Produce exactly the lines from the one holding "Let me have" through the last line of the data below, with every picture left out.

§ INFORMATION SHOWN:
# # # # # # #

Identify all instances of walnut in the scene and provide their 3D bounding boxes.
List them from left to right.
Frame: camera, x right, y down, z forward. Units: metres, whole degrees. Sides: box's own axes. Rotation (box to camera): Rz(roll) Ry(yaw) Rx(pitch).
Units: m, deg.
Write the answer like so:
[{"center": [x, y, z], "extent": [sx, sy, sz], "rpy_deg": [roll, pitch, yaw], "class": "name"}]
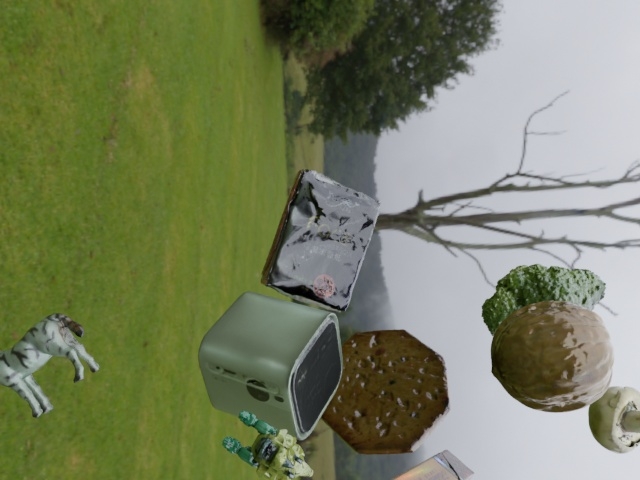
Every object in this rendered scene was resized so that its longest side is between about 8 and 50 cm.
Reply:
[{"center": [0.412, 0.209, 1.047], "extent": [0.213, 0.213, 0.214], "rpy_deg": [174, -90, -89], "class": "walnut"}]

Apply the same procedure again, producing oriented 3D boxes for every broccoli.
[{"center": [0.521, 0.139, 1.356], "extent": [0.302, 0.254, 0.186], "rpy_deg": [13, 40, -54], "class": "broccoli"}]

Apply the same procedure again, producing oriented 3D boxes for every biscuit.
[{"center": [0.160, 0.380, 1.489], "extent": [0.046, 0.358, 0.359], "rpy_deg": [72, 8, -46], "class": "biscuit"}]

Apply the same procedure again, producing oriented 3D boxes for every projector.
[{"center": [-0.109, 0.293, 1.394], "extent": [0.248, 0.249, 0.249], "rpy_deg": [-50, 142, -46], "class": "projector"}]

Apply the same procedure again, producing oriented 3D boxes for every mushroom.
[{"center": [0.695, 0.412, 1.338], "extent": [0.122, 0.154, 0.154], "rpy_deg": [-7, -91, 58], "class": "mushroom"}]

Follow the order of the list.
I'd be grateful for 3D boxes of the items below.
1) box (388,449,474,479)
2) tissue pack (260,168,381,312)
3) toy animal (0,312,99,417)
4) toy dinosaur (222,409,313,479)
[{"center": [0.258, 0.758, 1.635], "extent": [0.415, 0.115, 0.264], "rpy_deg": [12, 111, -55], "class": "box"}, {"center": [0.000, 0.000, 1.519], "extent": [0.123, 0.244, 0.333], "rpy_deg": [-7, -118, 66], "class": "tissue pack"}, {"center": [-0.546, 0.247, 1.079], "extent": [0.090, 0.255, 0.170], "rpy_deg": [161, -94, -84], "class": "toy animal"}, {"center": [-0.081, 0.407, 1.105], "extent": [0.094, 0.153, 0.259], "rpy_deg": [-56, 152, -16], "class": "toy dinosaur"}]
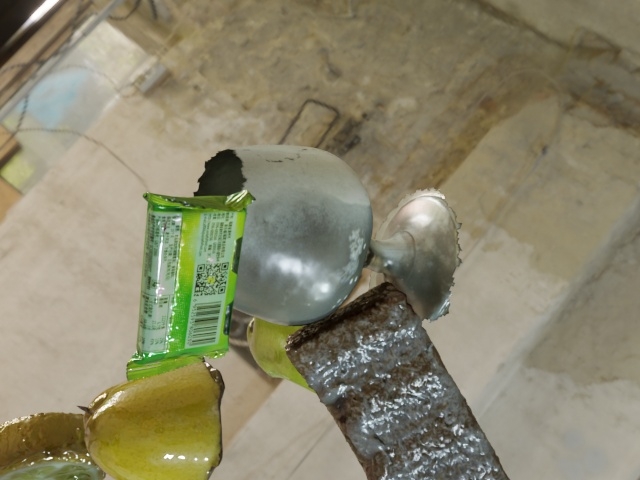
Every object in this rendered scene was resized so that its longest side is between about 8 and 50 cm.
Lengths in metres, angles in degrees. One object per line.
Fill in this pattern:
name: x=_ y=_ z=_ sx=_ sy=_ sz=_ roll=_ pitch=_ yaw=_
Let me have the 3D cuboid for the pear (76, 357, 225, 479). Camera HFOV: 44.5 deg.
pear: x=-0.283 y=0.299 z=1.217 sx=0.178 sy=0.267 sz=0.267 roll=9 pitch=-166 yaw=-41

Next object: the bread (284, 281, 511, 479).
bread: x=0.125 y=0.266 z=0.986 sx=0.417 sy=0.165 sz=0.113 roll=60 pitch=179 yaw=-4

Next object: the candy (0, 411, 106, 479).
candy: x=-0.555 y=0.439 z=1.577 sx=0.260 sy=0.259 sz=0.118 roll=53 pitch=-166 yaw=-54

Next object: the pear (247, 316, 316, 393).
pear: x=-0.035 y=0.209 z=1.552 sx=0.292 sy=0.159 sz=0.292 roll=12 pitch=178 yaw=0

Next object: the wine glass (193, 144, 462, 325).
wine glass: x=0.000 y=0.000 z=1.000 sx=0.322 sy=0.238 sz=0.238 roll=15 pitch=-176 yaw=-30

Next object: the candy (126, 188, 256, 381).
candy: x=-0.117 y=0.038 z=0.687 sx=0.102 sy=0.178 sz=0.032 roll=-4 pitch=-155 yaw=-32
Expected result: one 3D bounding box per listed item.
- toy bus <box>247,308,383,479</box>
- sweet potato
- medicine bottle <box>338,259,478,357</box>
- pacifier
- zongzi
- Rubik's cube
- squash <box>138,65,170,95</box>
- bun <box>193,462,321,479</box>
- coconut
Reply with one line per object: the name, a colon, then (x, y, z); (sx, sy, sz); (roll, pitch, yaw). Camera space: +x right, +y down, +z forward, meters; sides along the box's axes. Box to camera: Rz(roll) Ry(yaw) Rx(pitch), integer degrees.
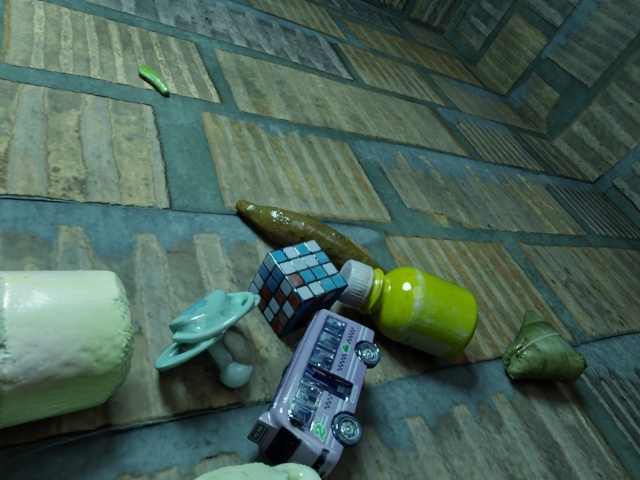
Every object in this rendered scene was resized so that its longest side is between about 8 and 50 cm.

# # # # # # #

§ TASK OUTPUT:
Let me have the 3D cuboid for the pear (76, 357, 225, 479). Camera HFOV: 44.5 deg.
pear: x=-0.283 y=0.299 z=1.217 sx=0.178 sy=0.267 sz=0.267 roll=9 pitch=-166 yaw=-41

Next object: the bread (284, 281, 511, 479).
bread: x=0.125 y=0.266 z=0.986 sx=0.417 sy=0.165 sz=0.113 roll=60 pitch=179 yaw=-4

Next object: the candy (0, 411, 106, 479).
candy: x=-0.555 y=0.439 z=1.577 sx=0.260 sy=0.259 sz=0.118 roll=53 pitch=-166 yaw=-54

Next object: the pear (247, 316, 316, 393).
pear: x=-0.035 y=0.209 z=1.552 sx=0.292 sy=0.159 sz=0.292 roll=12 pitch=178 yaw=0

Next object: the wine glass (193, 144, 462, 325).
wine glass: x=0.000 y=0.000 z=1.000 sx=0.322 sy=0.238 sz=0.238 roll=15 pitch=-176 yaw=-30

Next object: the candy (126, 188, 256, 381).
candy: x=-0.117 y=0.038 z=0.687 sx=0.102 sy=0.178 sz=0.032 roll=-4 pitch=-155 yaw=-32
Expected result: one 3D bounding box per listed item.
- toy bus <box>247,308,383,479</box>
- sweet potato
- medicine bottle <box>338,259,478,357</box>
- pacifier
- zongzi
- Rubik's cube
- squash <box>138,65,170,95</box>
- bun <box>193,462,321,479</box>
- coconut
Reply with one line per object: the name, a colon, then (x, y, z); (sx, sy, sz); (roll, pitch, yaw). Camera space: +x right, +y down, +z forward, meters; sides along the box's axes. Box to camera: Rz(roll) Ry(yaw) Rx(pitch), integer degrees.
Every object in this rendered scene was resized so that its longest side is between about 8 and 50 cm.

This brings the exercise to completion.